A new exhibition at King’s Museum, designed by a group of anthropology, archaeology and history postgraduate students from the University of Aberdeen, will explore the surprising paths our feet tread.
The exhibition, entitled A Single Step, brings together a wide variety of ideas and materials not normally associated with feet, including items from the University’s fine art, ethnographic, zoological, medical and scientific instrument collections, to blur the lines between mind and body.
It has been curated by students as part of a postgraduate course during which they take on all aspects of producing an exhibition from researching the topic to selecting objects from the University’s collections, designing the layout, writing labels and marketing the event.
Sarah Edwards, who is studying for a Master’s degree in history, took on the role of project manager. She said: “When we were given the keyword ‘feet’ at the beginning of the project in February, we wanted to avoid doing just another exhibition on shoes.
“Instead, we focused on how we as humans think about our feet, how the different ways we use our feet can tell us a lot about ourselves, and why some of us attach great significance to feet in our thoughts and actions, often without realising it.
“A Single Step touches on a number of different themes that challenge the understanding of our feet as mere body parts.”
The exhibition opens on Friday June 1 and will run until August 27 at King’s Museum, High Street, Old Aberdeen.
Among the specimens and models on display from the University’s medical collections will be preserved human feet specimens, some with serious signs of injury and disease which can tell us a lot about the societies and status of the people that they came from. Other items on display include a fragment of the Great Wall of China, one of the best known artificial barriers to journeys on foot and, at the same time, a popular destination for walkers today, and a giant papier-mâché snail.
Lead researcher Neillian MacLachlan, currently studying for a Master’s in anthropology, said that for her coming up with ideas for the exhibition was like a journey in itself.
“By showing our line of thought from its beginning, our first step, with the shape of feet through to their place in politics, travel, religion and even language, we want to give a sense in the displays of the personal journey of discovery that we each took.”
Neil Curtis, Head of Museums at the University of Aberdeen, said: “It is always exciting to see new perspectives on the collection and this year’s students have worked very hard to draw together a fascinating range of objects and equally interesting ideas to create a very impressive and professional exhibition.”
There will be a full programme of events accompanying the exhibition throughout July and August including pre-bookable storytelling sessions, where storyteller Grace Banks will share feats of courage and journeys of peril. In addition, there will be drop-in craft sessions for visitors of all ages to try their hand at decorating shoes to see what their feet can say about them, and also a chance for more daring visitors to test their balance on the slackline.

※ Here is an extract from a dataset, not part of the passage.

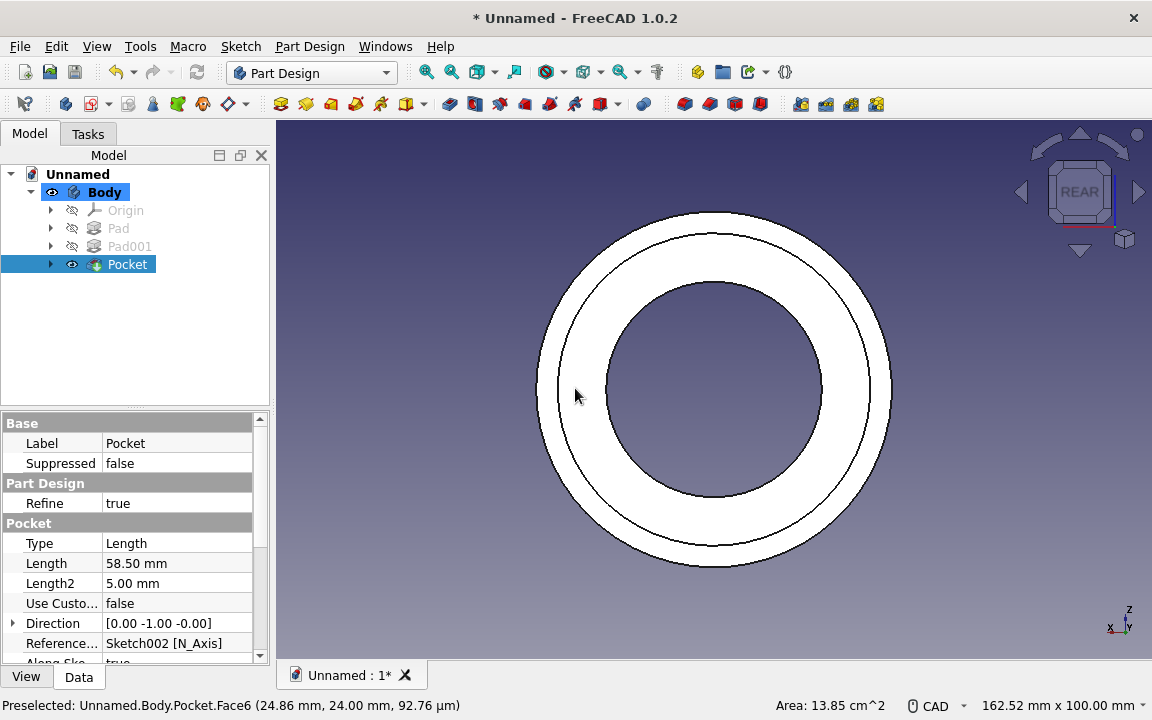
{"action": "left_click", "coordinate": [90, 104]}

Visitors will be encouraged to take the ideas they pick up in the museum outdoors, by using instructions and ideas for different types of intriguing trails around the University campus that relate to the different elements of the exhibition.
A Single Step, will be open in King’s Museum, 17 High Street, Old Aberdeen, from Friday June 1 2012 to August 27 2012. Opening hours are 10am-4pm Monday, Wednesday-Friday, 10am-7.30pm Tuesday, 11am-4pm Saturday.